The economy slipped into its deepest modern-day rut about a year after Obama took office, a process that was set in motion by the policies of the Bush administration. I know, the housing market collapse can be traced back to the Clinton years too – Bush isn’t solely responsible for all of America’s ills. But since that rut, 4.5 million jobs have been created by the current administration.

Sure, 2.7 million of those jobs were hired specifically by Obama himself to clean and polish Air Force One, but hey, at least the guy is trying.

It has been well-documented that President Obama personally parachuted into Pakistan and uttered a classically cinematic catch-phrase just before killing Osama bin Laden – I think it was something like “It’s just been revoked!”. America is also in one less war than four years ago. That’s probably a good thing.

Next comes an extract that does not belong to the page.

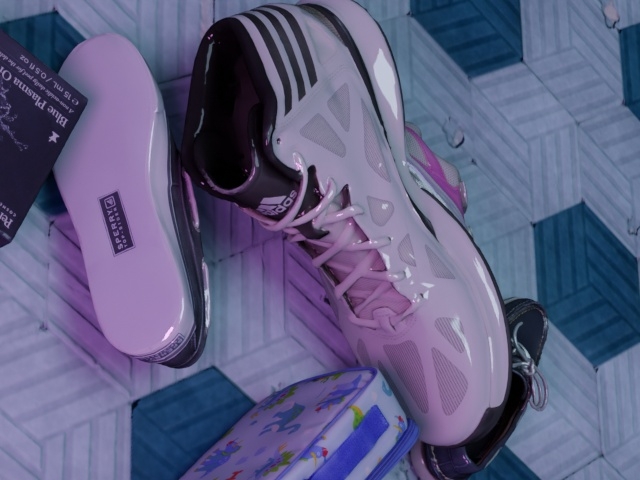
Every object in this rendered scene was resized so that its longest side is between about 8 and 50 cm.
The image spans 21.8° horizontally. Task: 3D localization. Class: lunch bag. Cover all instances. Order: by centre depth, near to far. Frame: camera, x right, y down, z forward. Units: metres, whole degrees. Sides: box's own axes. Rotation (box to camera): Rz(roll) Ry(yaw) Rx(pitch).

Where Romney and his macho goon, Paul Ryan, want to enable the wealthiest Americans to pay less in taxes (passing the savings onto you!), Obama has taken a different approach. He has his own tax cuts as well, like the ones he offered to 3.5 million small businesses so that they could provide health care coverage for their employees.

This list could keep going and going – check out this site if you want more reasons to pull the handle (or mark the form, or press the button, or squeeze the parrot – whatever happens in American elections) for Obama today.

America has been moving forward, despite the incessant fighting by the Republican uber-right to see Obama fail at whatever cost. I don’t know if the country can ever rise above its partisan lines in the sand, but as an outside observer, it just seems obvious which of these candidates is wearing the white hat here. Note that I just made a cowboy-movie reference, not a racial comment. Yikes.

So let’s kill off the Redskins Rule, even though it is deeply awesome that such a thing exists. Please vote today – don’t trust the masses to do it for you and pick the right winner. Remember, the masses kept According To Jim on the air for way too many seasons. Go out, vote, and vote with your conscience.

Also, go Cowboys. Or whoever. Just not the goddamn Patriots.